# Aguilar's Home Theater System



## Jeff Aguilar (Apr 11, 2006)

Over the past few years, the Aguilar's have changed where they live and what they enjoy thier movies on. 

In our old house, we had our home theater in the family room. That room opened up into the kitchen, so there was back wall. We (I) always wanted to have a dedicated room for the Home Theater. There was some aspects of a dedicated room I really was looking forward too and with a dedicated room, we gave up a part of our system.

Here is a picture of what we had a couple of years ago.

 

What was really good about this setup...

1. The Martin Logan Speakers

We invested in the Martin Logan speakers purely for the playback sound of music. We paired our ML with 100 watt tube mono blocks.

2. Tube gear - We sold all of our tube gear when we sold the house.

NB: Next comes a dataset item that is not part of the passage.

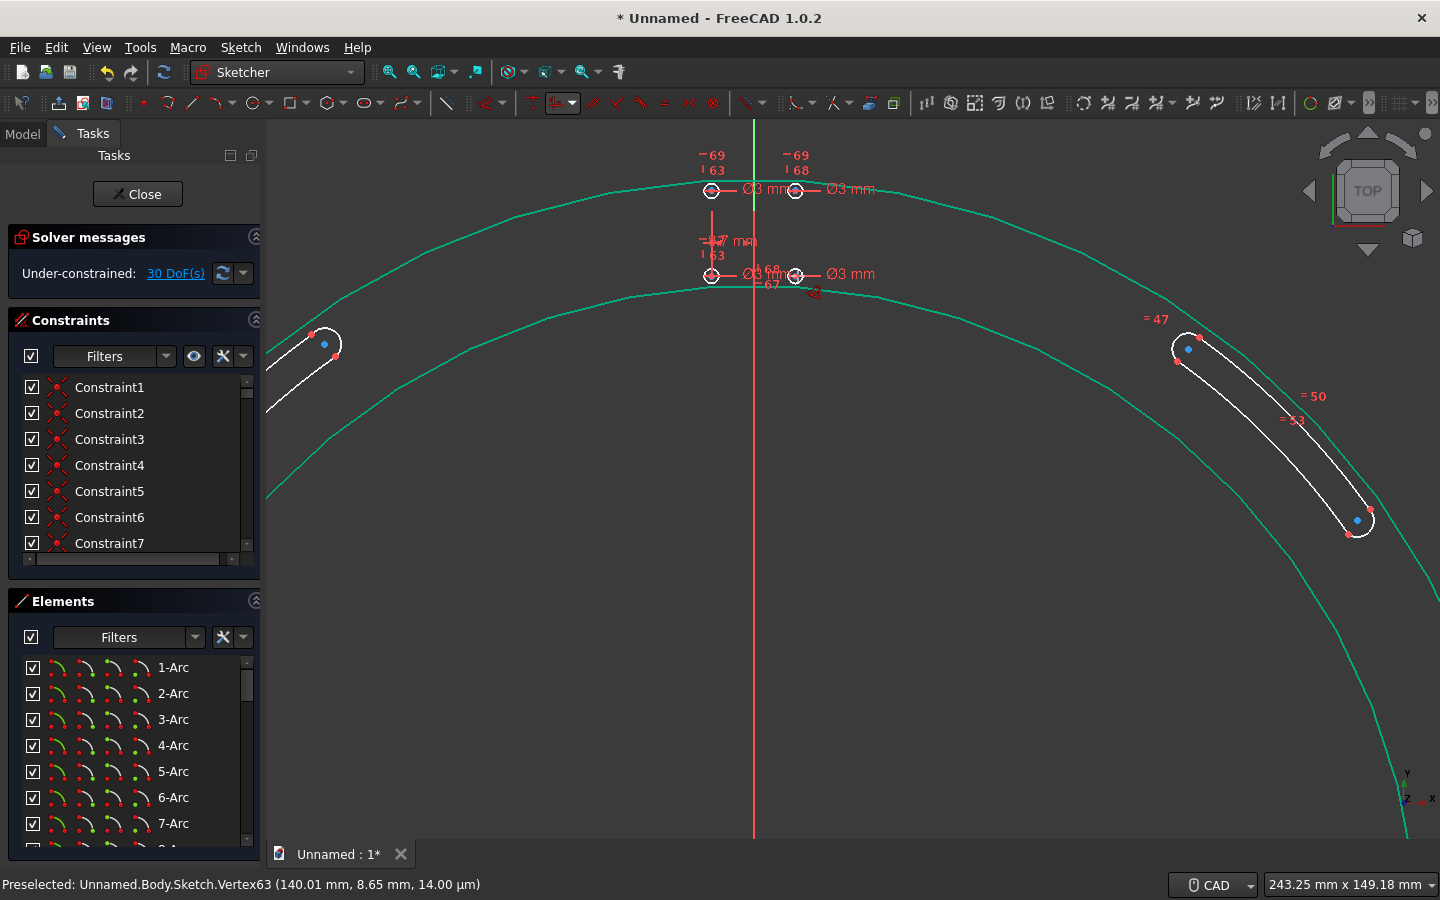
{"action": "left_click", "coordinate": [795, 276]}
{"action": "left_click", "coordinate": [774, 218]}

The short comings of our system...

1. Small TV - RPTV: We did not have a room that was right for having a projector without spending a lot of money. We could not really control the light enough to have a projector

2. No back wall 

3. The center channel - Even though the center was a ML, it was placed on a shelf in a cubby hole. That did not match well with ML. 

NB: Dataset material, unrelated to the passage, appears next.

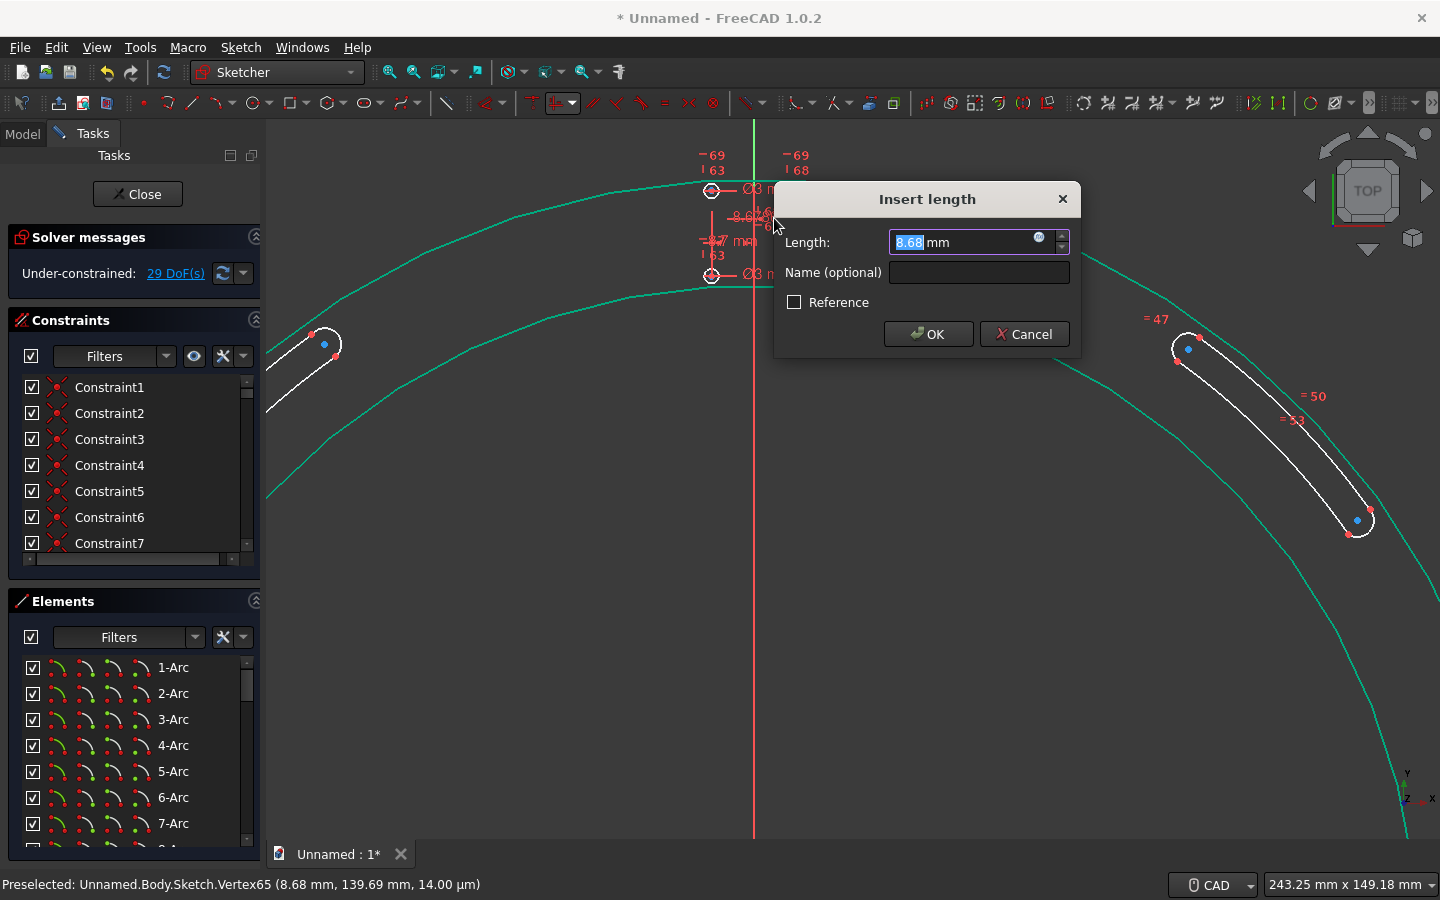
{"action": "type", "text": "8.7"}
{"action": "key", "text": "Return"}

Biggest Dissapointment - We moved to a different city, so no matter how much I liked the theater area, the house was no longer ours, we sold it! :T

We moved about 1 hour away from our last house.

With a new house comes new opprotunities. We picked a house that had a bonus room over the garage. This was a perfect place for a home theater. The room measures 15x20. We set it up so the screen was on the long wall.

Here are the pictures of what we did.

We really do not have much money in the furniture, but we did find some old theater chairs and re-upolstered/painted them. They work really well for us. I would love to one day invest in nicer chairs. But we are done for a while.

 

 

 

 

 

 

 


Since we sold all of our tube gear and ML we had to get new speakers. I ended up getting PSB for the fronts. They are no where near as detailed as the ML. But since we were not going to listen to music in the room, we took the money from the ML gear and the tube amps and bought a projector! Pretty good trade off. 

I love watching movies so much more now that we have a dedicated room. And TV viewing is awesome! There is nothing like watching 24 or American Idol on the big screen!

Jeff Aguilar


Equipment:

Mitsubishi HC 4900 1080P Projector
Stewart 92" Screen
Marantz 5003
Atlantic Technologies A-2000 Amp 7 Channel Amp
Sony PS3
Sheng-Ya CD-S10
Comcast Hi-Def DVR
PSB speakers T55 mains, C6 Center - 4 inwalls
Twin SVS 16/46 pc+ subs


----------



## Sonnie (Apr 11, 2006)

I know those ML's are sweet. I can't wait to get my Spires hooked up.

Very nice set up... :T


----------